» **Brief**: Whenever a line below holds the word "public", copy that line.
=== Task data ===
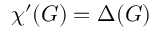<formula> <loc_0><loc_0><loc_500><loc_500>\chi ^ { \prime } ( G ) = \Delta ( G )</formula> 
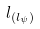Convert formula to latex. <formula><loc_0><loc_0><loc_500><loc_500>l _ { ( l _ { \psi } ) }</formula> 
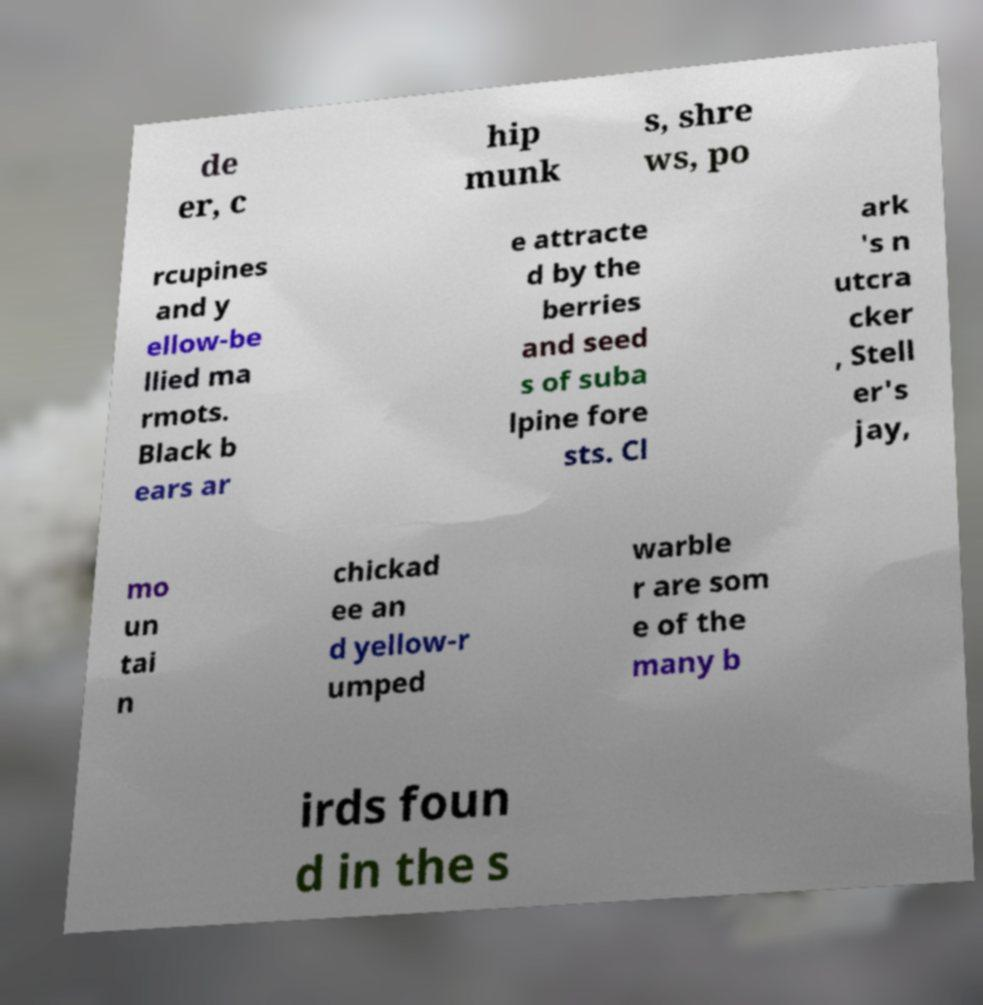What messages or text are displayed in this image? I need them in a readable, typed format. de er, c hip munk s, shre ws, po rcupines and y ellow-be llied ma rmots. Black b ears ar e attracte d by the berries and seed s of suba lpine fore sts. Cl ark 's n utcra cker , Stell er's jay, mo un tai n chickad ee an d yellow-r umped warble r are som e of the many b irds foun d in the s 
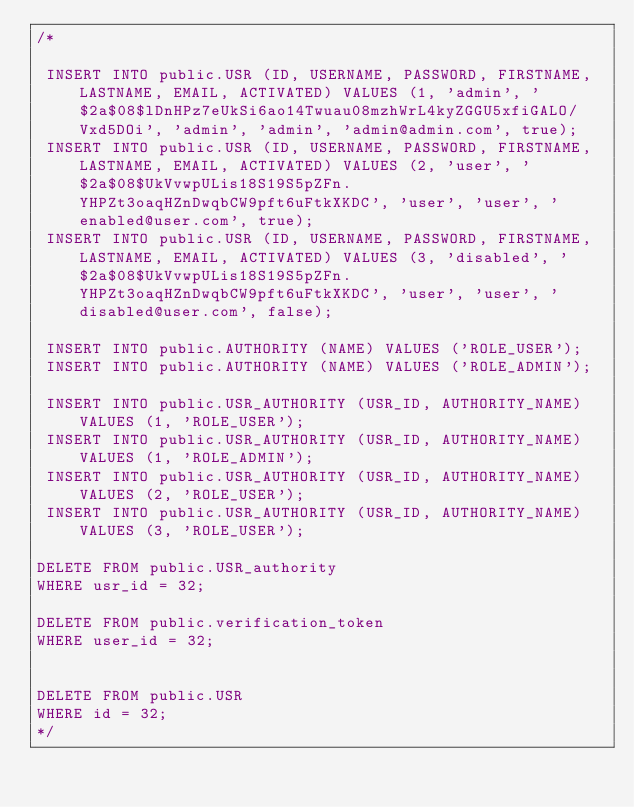Convert code to text. <code><loc_0><loc_0><loc_500><loc_500><_SQL_>/*

 INSERT INTO public.USR (ID, USERNAME, PASSWORD, FIRSTNAME, LASTNAME, EMAIL, ACTIVATED) VALUES (1, 'admin', '$2a$08$lDnHPz7eUkSi6ao14Twuau08mzhWrL4kyZGGU5xfiGALO/Vxd5DOi', 'admin', 'admin', 'admin@admin.com', true);
 INSERT INTO public.USR (ID, USERNAME, PASSWORD, FIRSTNAME, LASTNAME, EMAIL, ACTIVATED) VALUES (2, 'user', '$2a$08$UkVvwpULis18S19S5pZFn.YHPZt3oaqHZnDwqbCW9pft6uFtkXKDC', 'user', 'user', 'enabled@user.com', true);
 INSERT INTO public.USR (ID, USERNAME, PASSWORD, FIRSTNAME, LASTNAME, EMAIL, ACTIVATED) VALUES (3, 'disabled', '$2a$08$UkVvwpULis18S19S5pZFn.YHPZt3oaqHZnDwqbCW9pft6uFtkXKDC', 'user', 'user', 'disabled@user.com', false);

 INSERT INTO public.AUTHORITY (NAME) VALUES ('ROLE_USER');
 INSERT INTO public.AUTHORITY (NAME) VALUES ('ROLE_ADMIN');

 INSERT INTO public.USR_AUTHORITY (USR_ID, AUTHORITY_NAME) VALUES (1, 'ROLE_USER');
 INSERT INTO public.USR_AUTHORITY (USR_ID, AUTHORITY_NAME) VALUES (1, 'ROLE_ADMIN');
 INSERT INTO public.USR_AUTHORITY (USR_ID, AUTHORITY_NAME) VALUES (2, 'ROLE_USER');
 INSERT INTO public.USR_AUTHORITY (USR_ID, AUTHORITY_NAME) VALUES (3, 'ROLE_USER');

DELETE FROM public.USR_authority
WHERE usr_id = 32;

DELETE FROM public.verification_token
WHERE user_id = 32;


DELETE FROM public.USR
WHERE id = 32;
*/
</code> 
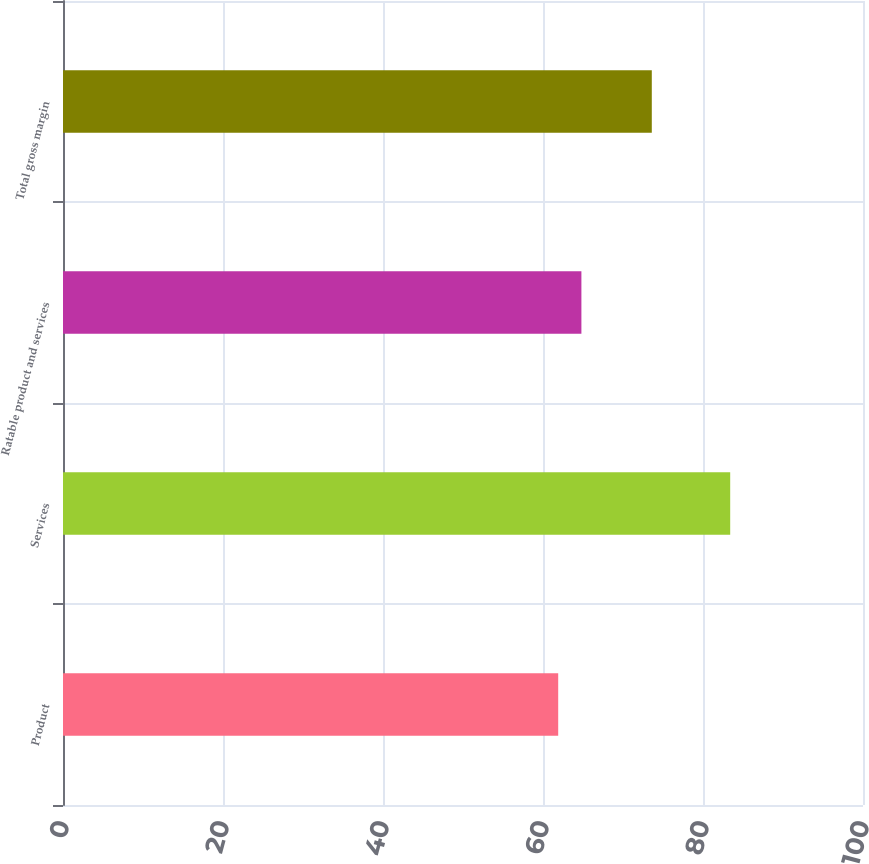Convert chart. <chart><loc_0><loc_0><loc_500><loc_500><bar_chart><fcel>Product<fcel>Services<fcel>Ratable product and services<fcel>Total gross margin<nl><fcel>61.9<fcel>83.4<fcel>64.8<fcel>73.6<nl></chart> 
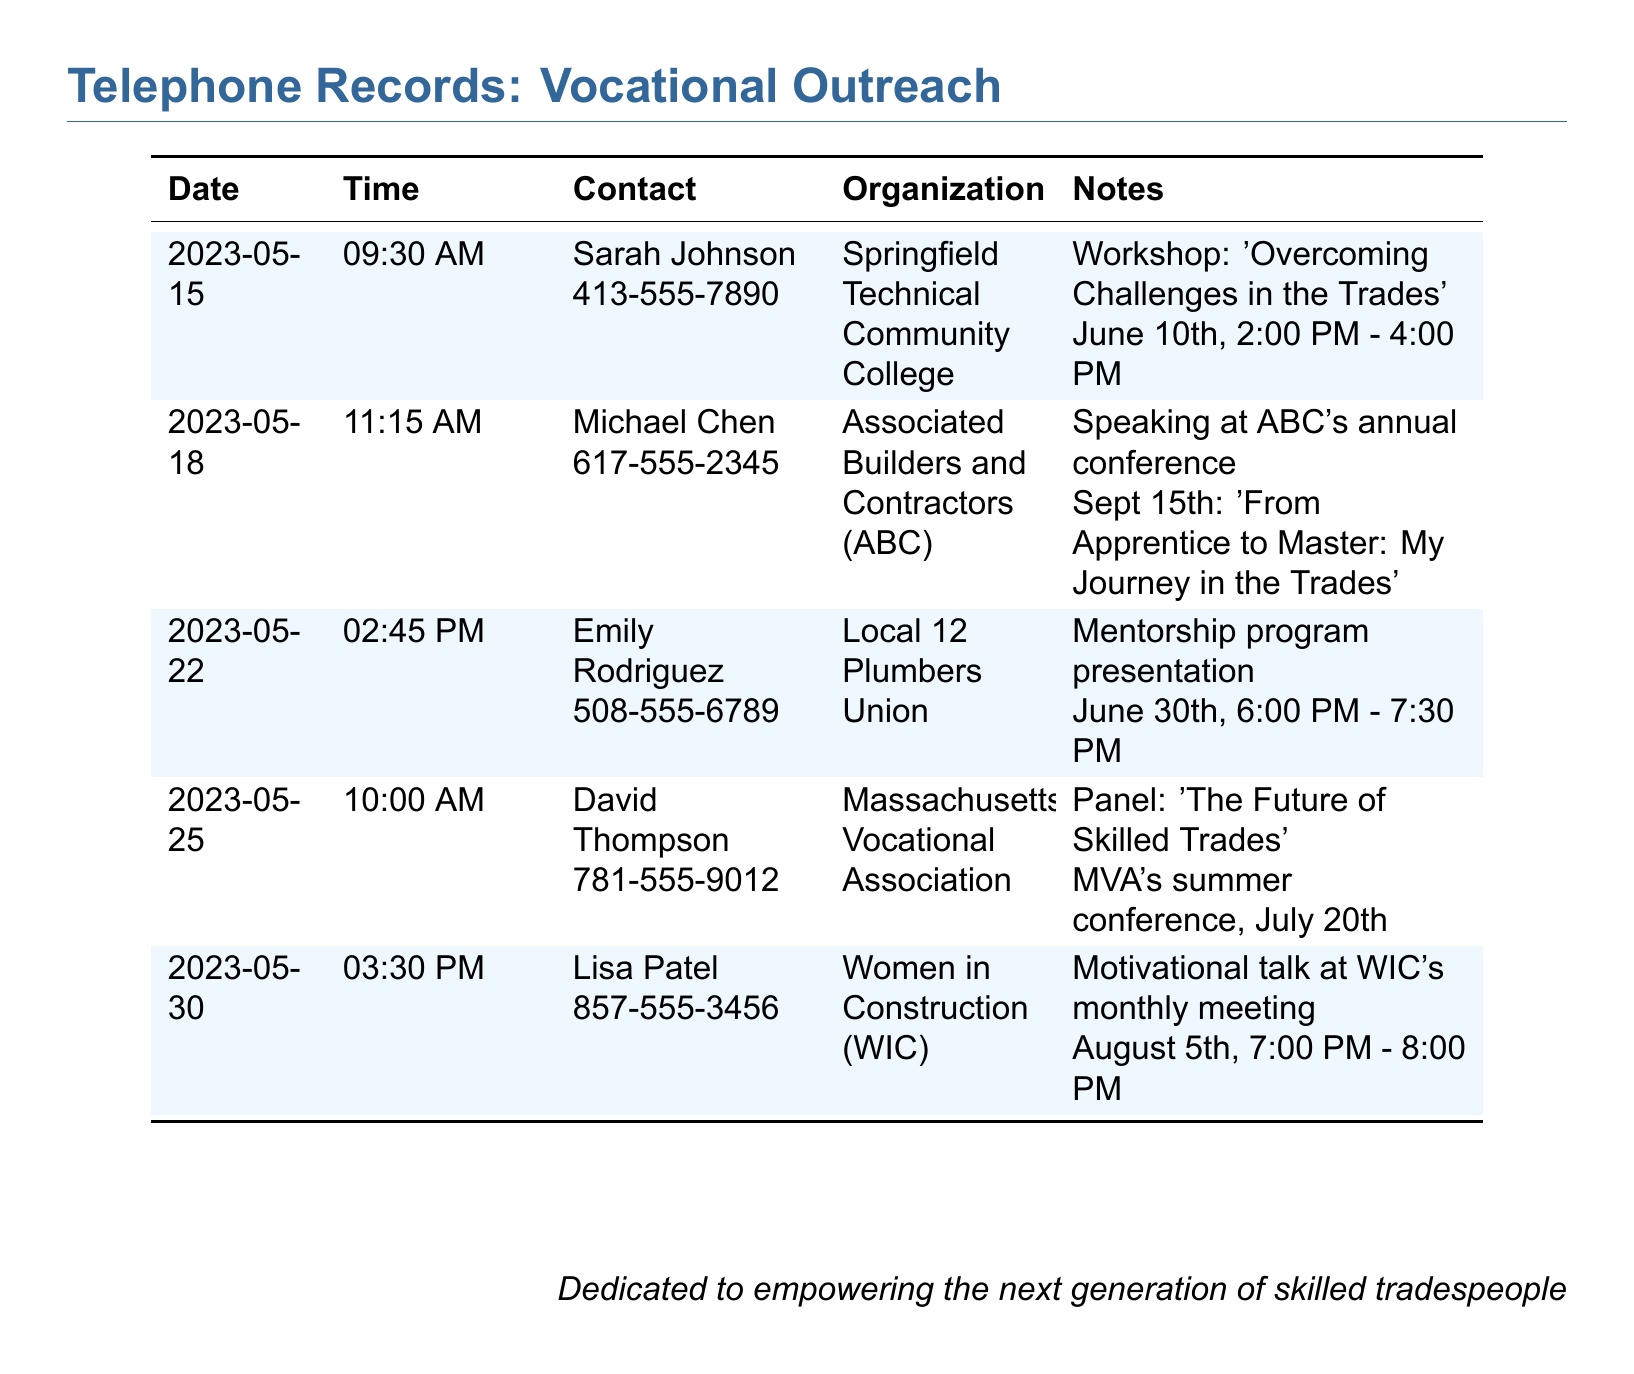What is the date of the workshop on overcoming challenges? The date for the workshop is found in the record of Sarah Johnson, indicating when the workshop will take place.
Answer: June 10th Who is the contact for the Associated Builders and Contractors? The contact person's name for ABC is provided in the document along with their phone number.
Answer: Michael Chen What is the time of the mentorship program presentation? The time is specified in the entry related to Emily Rodriguez, detailing when the presentation will commence.
Answer: 6:00 PM - 7:30 PM On what date is the panel titled 'The Future of Skilled Trades' scheduled? The date for the panel can be located in the record for David Thompson, indicating when the event will occur.
Answer: July 20th How many speaking engagements are scheduled in total according to the document? The total number of engagements can be counted from the entries listed in the telephone records.
Answer: 5 What is the name of the organization associated with Lisa Patel? The organization name can be found in the entry related to Lisa Patel in the document.
Answer: Women in Construction (WIC) What theme will be discussed at Michael Chen's speaking engagement? The theme is indicated in the notes of the contact entry for Michael Chen regarding his speech at the conference.
Answer: From Apprentice to Master: My Journey in the Trades What type of event is scheduled for June 30th? The event type can be identified in the notes for Emily Rodriguez regarding the presentation related to the mentorship program.
Answer: Mentorship program presentation
===
» **Exercise solution**:
 INSERT INTO public.USR (ID, USERNAME, PASSWORD, FIRSTNAME, LASTNAME, EMAIL, ACTIVATED) VALUES (1, 'admin', '$2a$08$lDnHPz7eUkSi6ao14Twuau08mzhWrL4kyZGGU5xfiGALO/Vxd5DOi', 'admin', 'admin', 'admin@admin.com', true);
 INSERT INTO public.USR (ID, USERNAME, PASSWORD, FIRSTNAME, LASTNAME, EMAIL, ACTIVATED) VALUES (2, 'user', '$2a$08$UkVvwpULis18S19S5pZFn.YHPZt3oaqHZnDwqbCW9pft6uFtkXKDC', 'user', 'user', 'enabled@user.com', true);
 INSERT INTO public.USR (ID, USERNAME, PASSWORD, FIRSTNAME, LASTNAME, EMAIL, ACTIVATED) VALUES (3, 'disabled', '$2a$08$UkVvwpULis18S19S5pZFn.YHPZt3oaqHZnDwqbCW9pft6uFtkXKDC', 'user', 'user', 'disabled@user.com', false);
 INSERT INTO public.AUTHORITY (NAME) VALUES ('ROLE_USER');
 INSERT INTO public.AUTHORITY (NAME) VALUES ('ROLE_ADMIN');
 INSERT INTO public.USR_AUTHORITY (USR_ID, AUTHORITY_NAME) VALUES (1, 'ROLE_USER');
 INSERT INTO public.USR_AUTHORITY (USR_ID, AUTHORITY_NAME) VALUES (1, 'ROLE_ADMIN');
 INSERT INTO public.USR_AUTHORITY (USR_ID, AUTHORITY_NAME) VALUES (2, 'ROLE_USER');
 INSERT INTO public.USR_AUTHORITY (USR_ID, AUTHORITY_NAME) VALUES (3, 'ROLE_USER');
DELETE FROM public.USR_authority
DELETE FROM public.verification_token
DELETE FROM public.USR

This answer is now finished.